> TRY IT: Retrieve every line from the records in which the word "DummyEntity" occurs.

Data items:
= = =
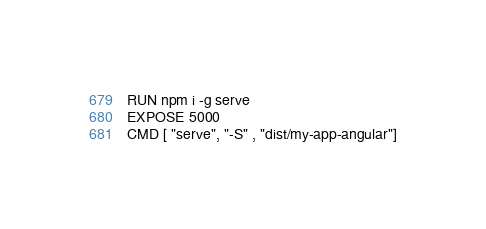Convert code to text. <code><loc_0><loc_0><loc_500><loc_500><_Dockerfile_>RUN npm i -g serve
EXPOSE 5000
CMD [ "serve", "-S" , "dist/my-app-angular"]
</code> 
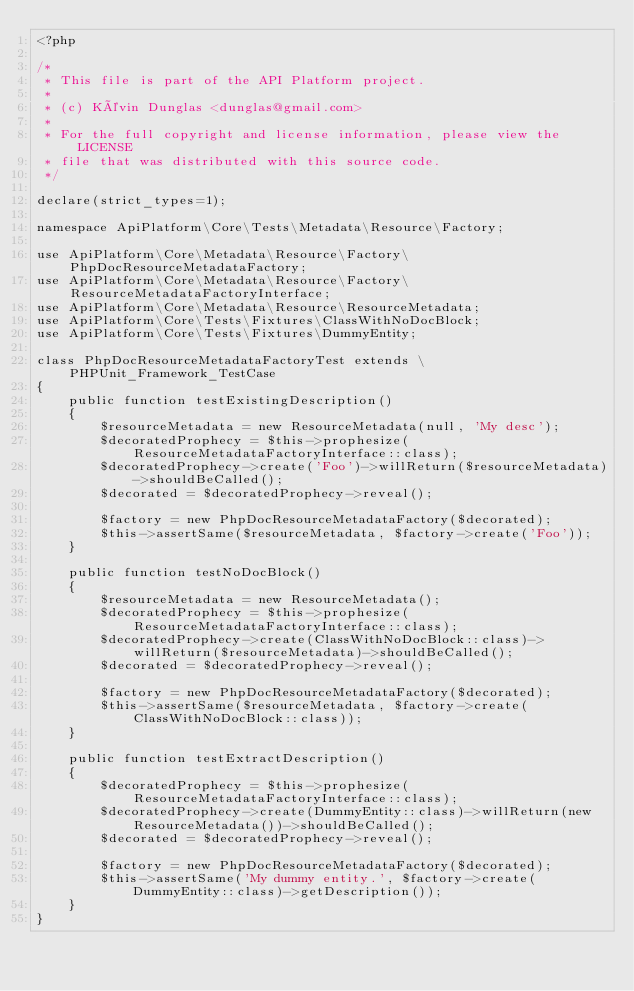<code> <loc_0><loc_0><loc_500><loc_500><_PHP_><?php

/*
 * This file is part of the API Platform project.
 *
 * (c) Kévin Dunglas <dunglas@gmail.com>
 *
 * For the full copyright and license information, please view the LICENSE
 * file that was distributed with this source code.
 */

declare(strict_types=1);

namespace ApiPlatform\Core\Tests\Metadata\Resource\Factory;

use ApiPlatform\Core\Metadata\Resource\Factory\PhpDocResourceMetadataFactory;
use ApiPlatform\Core\Metadata\Resource\Factory\ResourceMetadataFactoryInterface;
use ApiPlatform\Core\Metadata\Resource\ResourceMetadata;
use ApiPlatform\Core\Tests\Fixtures\ClassWithNoDocBlock;
use ApiPlatform\Core\Tests\Fixtures\DummyEntity;

class PhpDocResourceMetadataFactoryTest extends \PHPUnit_Framework_TestCase
{
    public function testExistingDescription()
    {
        $resourceMetadata = new ResourceMetadata(null, 'My desc');
        $decoratedProphecy = $this->prophesize(ResourceMetadataFactoryInterface::class);
        $decoratedProphecy->create('Foo')->willReturn($resourceMetadata)->shouldBeCalled();
        $decorated = $decoratedProphecy->reveal();

        $factory = new PhpDocResourceMetadataFactory($decorated);
        $this->assertSame($resourceMetadata, $factory->create('Foo'));
    }

    public function testNoDocBlock()
    {
        $resourceMetadata = new ResourceMetadata();
        $decoratedProphecy = $this->prophesize(ResourceMetadataFactoryInterface::class);
        $decoratedProphecy->create(ClassWithNoDocBlock::class)->willReturn($resourceMetadata)->shouldBeCalled();
        $decorated = $decoratedProphecy->reveal();

        $factory = new PhpDocResourceMetadataFactory($decorated);
        $this->assertSame($resourceMetadata, $factory->create(ClassWithNoDocBlock::class));
    }

    public function testExtractDescription()
    {
        $decoratedProphecy = $this->prophesize(ResourceMetadataFactoryInterface::class);
        $decoratedProphecy->create(DummyEntity::class)->willReturn(new ResourceMetadata())->shouldBeCalled();
        $decorated = $decoratedProphecy->reveal();

        $factory = new PhpDocResourceMetadataFactory($decorated);
        $this->assertSame('My dummy entity.', $factory->create(DummyEntity::class)->getDescription());
    }
}
</code> 
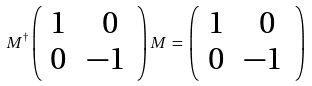<formula> <loc_0><loc_0><loc_500><loc_500>M ^ { \dagger } \left ( \begin{array} { c c } { 1 \, } & { \, 0 } \\ { 0 \, } & { - 1 \, } \end{array} \right ) M \, = \, \left ( \begin{array} { c c } { 1 \, } & { \, 0 } \\ { 0 \, } & { - 1 \, } \end{array} \right ) \,</formula>
= = =
> RESULT FOR THIS TASK:
use ApiPlatform\Core\Tests\Fixtures\DummyEntity;
        $decoratedProphecy->create(DummyEntity::class)->willReturn(new ResourceMetadata())->shouldBeCalled();
        $this->assertSame('My dummy entity.', $factory->create(DummyEntity::class)->getDescription());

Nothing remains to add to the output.